Structural biology, the study of the 3D structure or shape of proteins and other biomolecules, has been transformed by breakthroughs from machine learning algorithms. Machine learning models are now routinely used by experimentalists to predict structures to aid in hypothesis generation and experimental design, accelerate the experimental process of structure determination (e.g. computer vision algorithms for cryo-electron microscopy), and have become a new industry standard for bioengineering new protein therapeutics (e.g. large language models for protein design). Despite all of this progress, there are still many active and open challenges for the field, such as modeling protein dynamics, predicting the structure of other classes of biomolecules such as RNA, learning and generalizing the underlying physics driving protein folding, and relating the structure of isolated proteins to the in vivo and contextual nature of their underlying function. These challenges are diverse and interdisciplinary, motivating new kinds of machine learning methods and requiring the development and maturation of standard benchmarks and datasets.
Machine Learning in Structural Biology (MLSB), seeks to bring together field experts, practitioners, and students from across academia, industry research groups, and pharmaceutical companies to focus on these new challenges and opportunities. This year, MLSB aims to bridge the theoretical and practical by addressing the outstanding computational and experimental problems at the forefront of our field. The intersection of artificial intelligence and structural biology promises to unlock new scientific discoveries and develop powerful design tools.

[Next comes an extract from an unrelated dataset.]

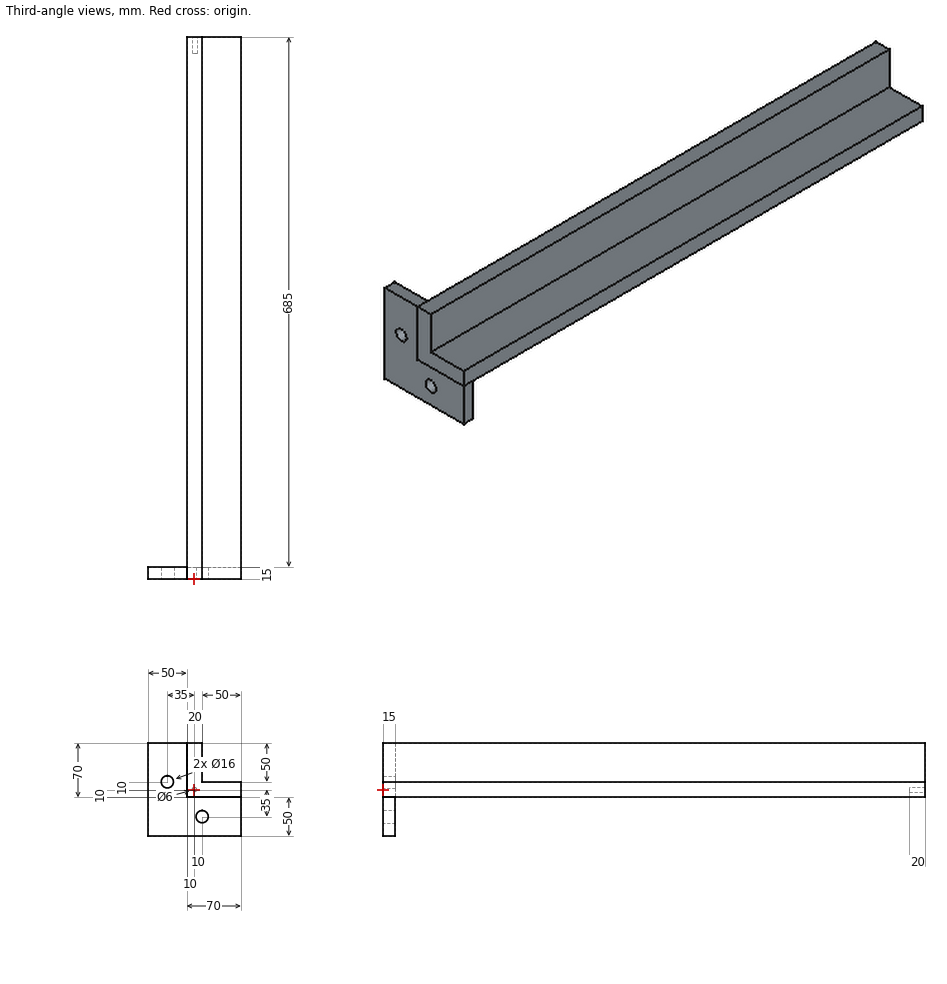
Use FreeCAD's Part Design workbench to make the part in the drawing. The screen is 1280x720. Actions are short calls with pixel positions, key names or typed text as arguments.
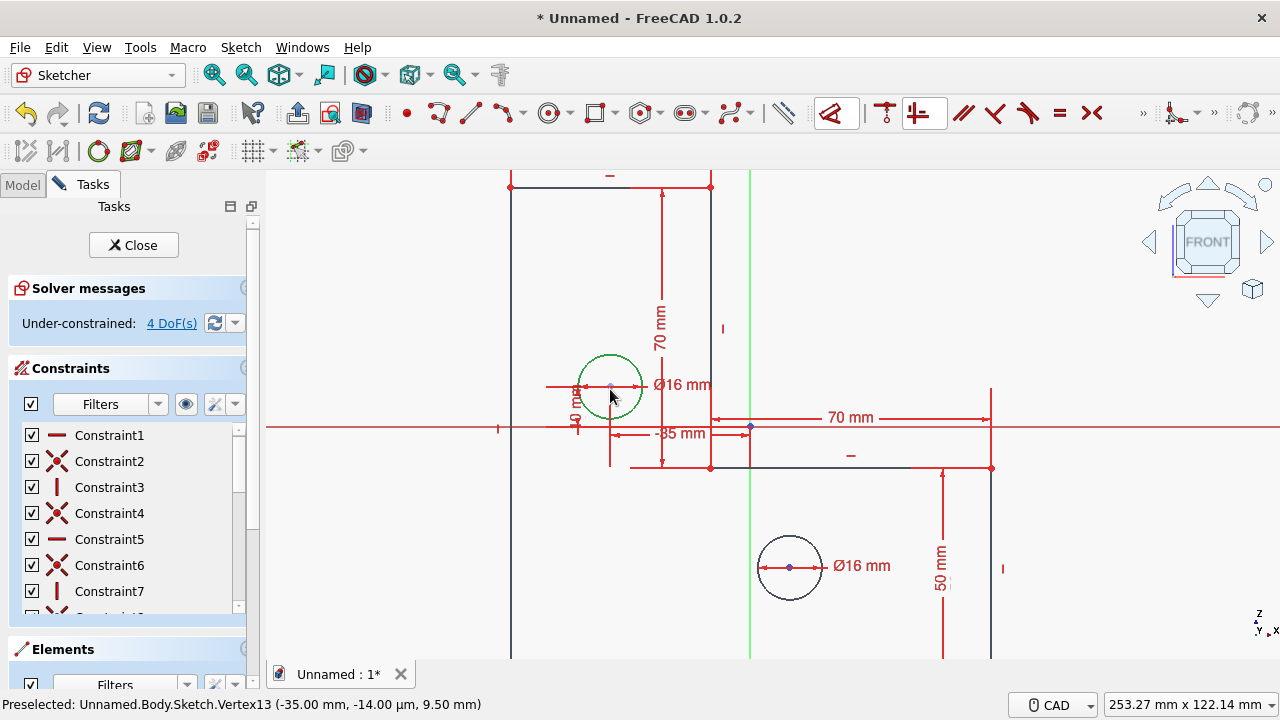
click(790, 568)

MLSB will be an in-person workshop on December 15th at NeurIPS.
Please contact the organizers at workshopmlsb@gmail.com with any questions.
Stay updated on changes and workshop news by joining our mailing list.
Congratulations to all accepted presenters! Please find some information on deadlines and expectations leading up to the MLSB Workshop!
We expect all authors to prepare a poster that can be presented as part of our workshop. Posters must be 24W x 36H inches and will be taped to the wall. Poster boards will not be provided at the workshop. Posters should be on lightweight paper, and not laminated.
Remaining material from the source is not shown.